In viaggio col capo a New York: da Manhattan a Brooklyn

Appena scesi dal treno a York Street guardiamo la scalinata con lo spirito di due maratoneti all’ultimo miglio. La giornata è iniziata dieci ore prima a Manhattan, dove io e il mio collega assistiamo a una lite furibonda tra il capo e il nostro referente americano. Finita la riunione, ci incamminiamo dietro al boss, cercando di raccogliere quello che come al solito si lascia dietro: riviste, giornali, cellulare. Ultimamente ha ceduto alla tecnologia e si è comprato un iPad: oggi ha dimenticato anche quello, per cui butto tutto nella borsa, pago il conto e corro fuori dall’hotel. Ma il capo ha fatto partire il taxi senza di me. Di nuovo. Cammino per un paio di isolati verso un incrocio trafficato, dove salto su un’auto gialla supplicando il taxista di fare in fretta a portarmi all’angolo tra la Quinta e la Broadway: se arrivo all’inaugurazione con un solo minuto di ritardo, il capo mi rivolgerà una delle sue occhiate cariche di disprezzo.

Hyatt House Hotel New York

Arrivata a destinazione, di fronte al Flatiron Building, perdo due secondi per specchiarmi nelle porte del locale, sperando che l’afa di fine agosto non abbia fatto danni irreparabili ai capelli. Quando entro vedo che il mio capo è già circondato dai nostri ospiti. Il mio collega si accorge di me e iniziamo una conversazione senza parlare.
“Dov’eri?”
“A recuperare quello che aveva dimenticato. Non mi avete aspettato.”
“Lo sai com’è fatto.” Indica il boss con un cenno impercettibile. Forse non ha notato che sono arrivata in ritardo, penso, presentandomi alla donna elegante dello staff del sindaco.
“I miei giornali! Dove sono finiti?” ruggisce il capo. Tutti mi guardano mentre con imbarazzo prendo dalla borsa i quotidiani ormai stropicciati.
Vorrei poter dire che il resto dell’inaugurazione va meglio, ma non è così. L’unica certezza è che anche questa giornata giungerà al termine. La speranza diventa realtà ore dopo, quando il boss finalmente ci congeda. Esultiamo mentalmente e percorriamo a velocità supersonica il mezzo miglio che ci separa dalla 14a Strada. Ci sediamo sul treno della linea F stravolti ma felici: sappiamo che a Brooklyn ci aspetta la nostra amica Maggie. Quando riemergiamo dalle budella della città, la vediamo dall’altro lato della strada, all’incrocio tra York Street e Jay Street, non lontano dalla nostra sede oltreoceano. Maggie ci abbraccia, ma ha una brutta notizia: il Dumbo General Store, il mio locale preferito, ha chiuso.

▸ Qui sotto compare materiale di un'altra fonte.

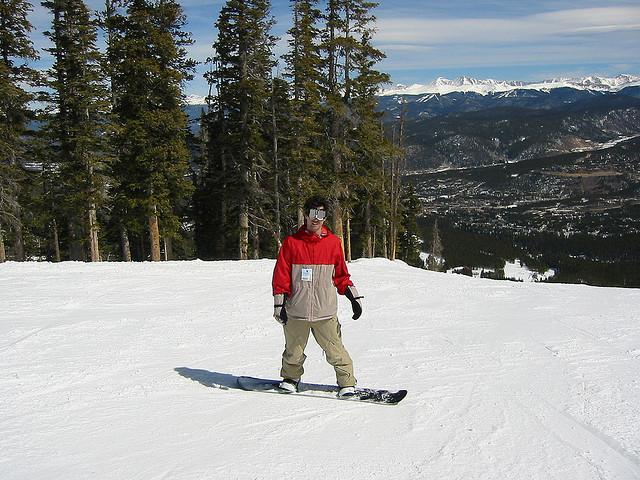What sport are they demonstrating?
Be succinct. Snowboarding. Are the trees leafless?
Be succinct. No. Is the man wearing goggles?
Write a very short answer. Yes. Is this a man?
Short answer required. Yes. Is there a lot of snow in the distance?
Write a very short answer. Yes. Is the man skiing?
Be succinct. No. What sport is this?
Write a very short answer. Snowboarding. 
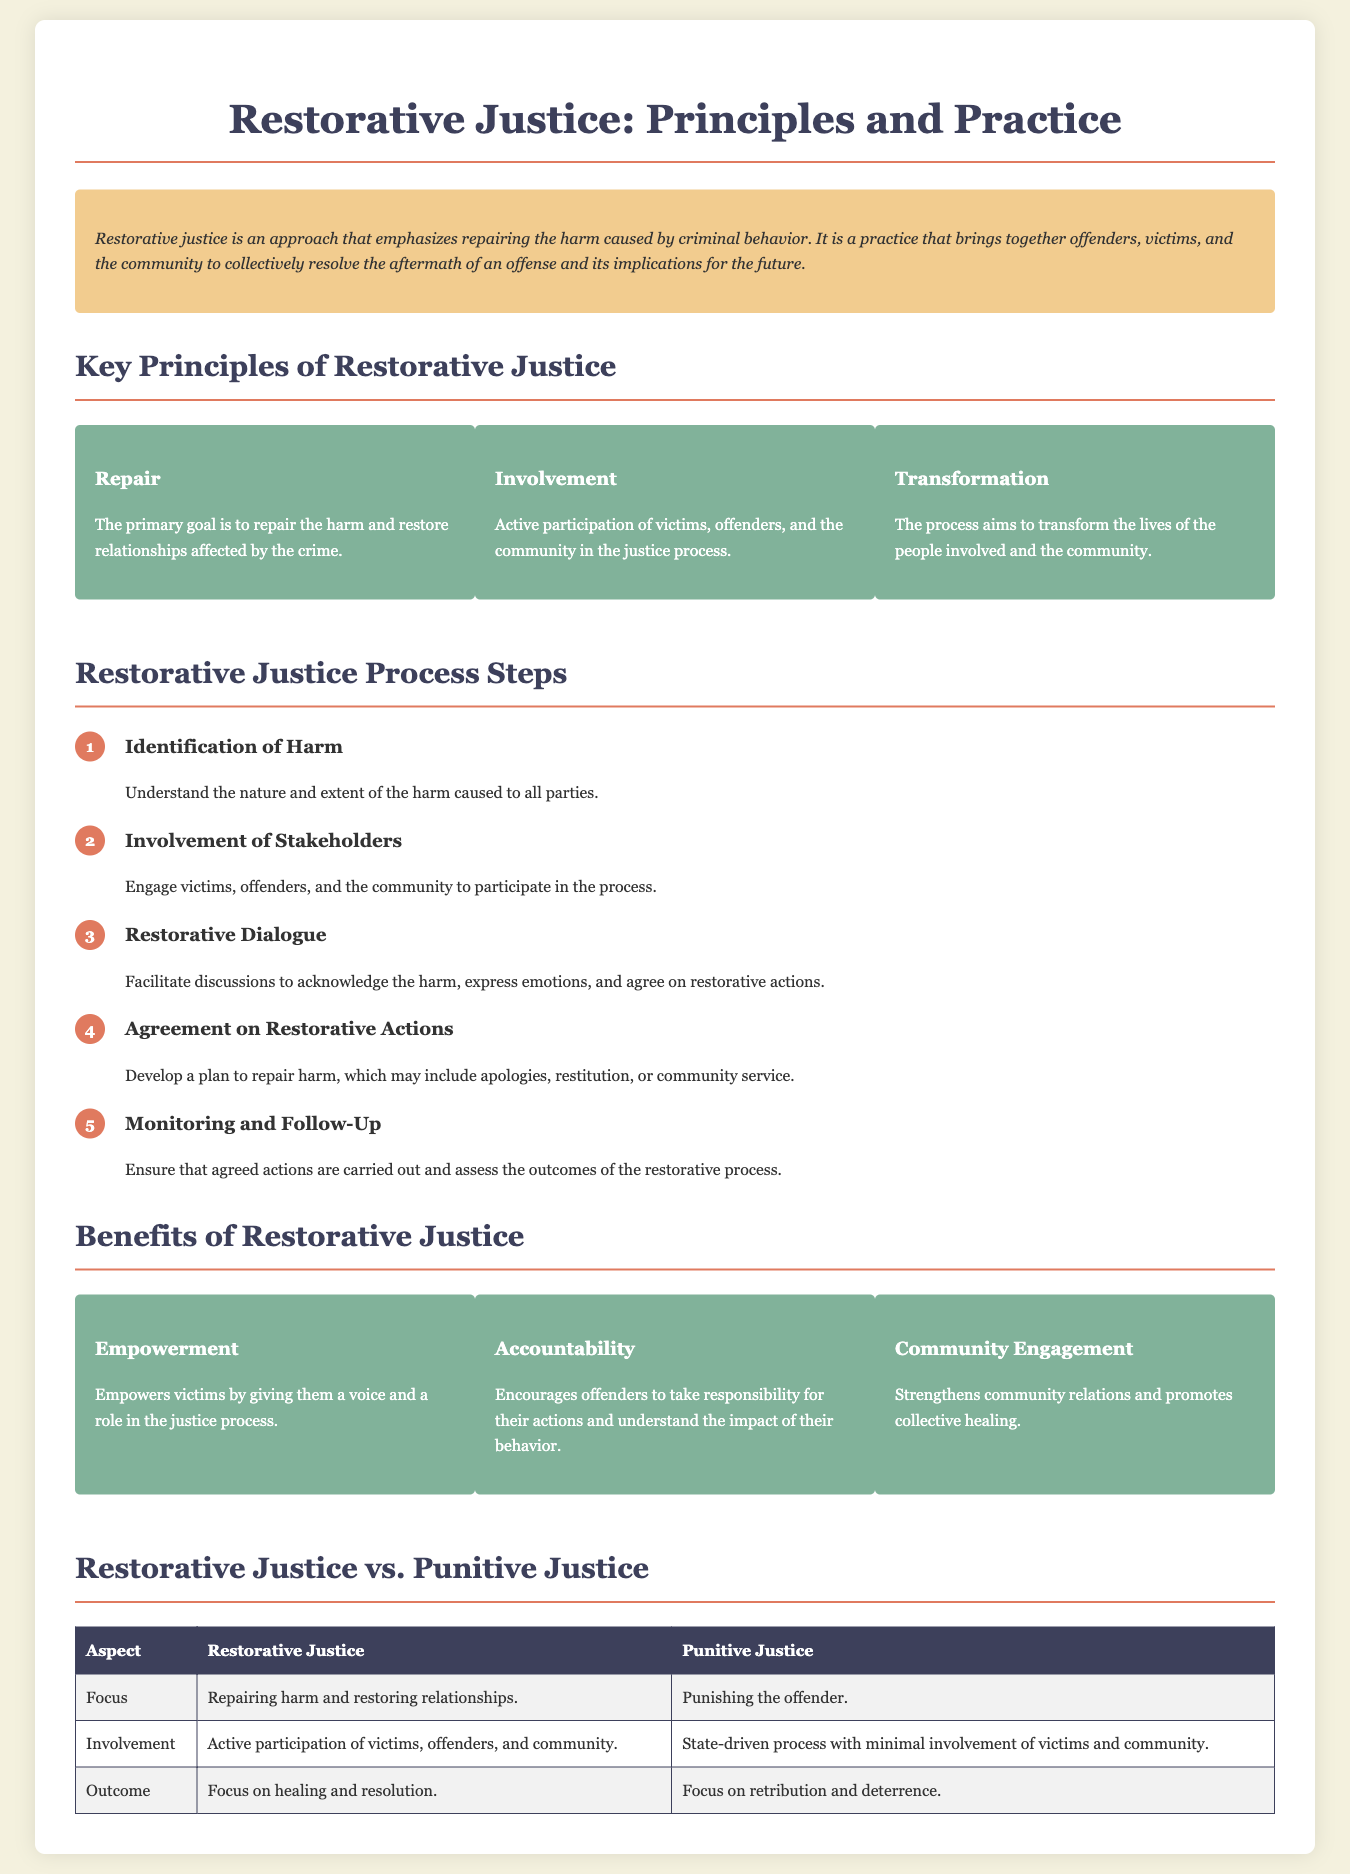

Per sempre. Quasi mi metto a piangere: un bicchiere di Sauvignon seduti a uno dei lunghi tavoli di legno avrebbe trasformato la giornata. Ma Maggie mi dice di non buttarmi giù perché ha intenzione di portarci a cena in un locale speciale.

Williamsburg Brooklyn New York

Ormai faccio fatica a camminare: le scarpe di gomma che al mattino mi erano sembrate una buona idea si stanno amalgamando alla mia pelle. La camicia bianca ormai è grigia, e i pantaloni hanno raccolto la sporcizia dai marciapiedi. Distolgo lo sguardo dai miei vestiti e solo in quel momento mi rendo conto di essere in una parte della città che non avevo mai visto. Stiamo percorrendo una cobbled street, dove al posto dell’asfalto ci sono pietre rettangolari non molto diverse dal porfido. Le case basse di mattoni rossi, con le scale di sicurezza sollevate, sono intervallate da magazzini abbandonati o convertiti in abitazioni. La stradina alberata mi dà l’illusione di trovarmi in un paese di periferia, e anche il rumore del traffico lungo il Manhattan Bridge sembra arrivare da un’altra città. Domando a Maggie cosa siano le rotaie lungo le strade: non ne è sicura, ma crede che si tratti della vecchia ferrovia di Jay Street, costruita per spostare la merce da un magazzino all’altro e verso il porto. Seguiamo le rotaie lungo la stradina lastricata, fermandoci davanti al Vinegar Hill House. Già da fuori so che mi piacerà, con la sua facciata di mattoni rossi, la vetrina dipinta di bianco e la panca accanto all’ingresso.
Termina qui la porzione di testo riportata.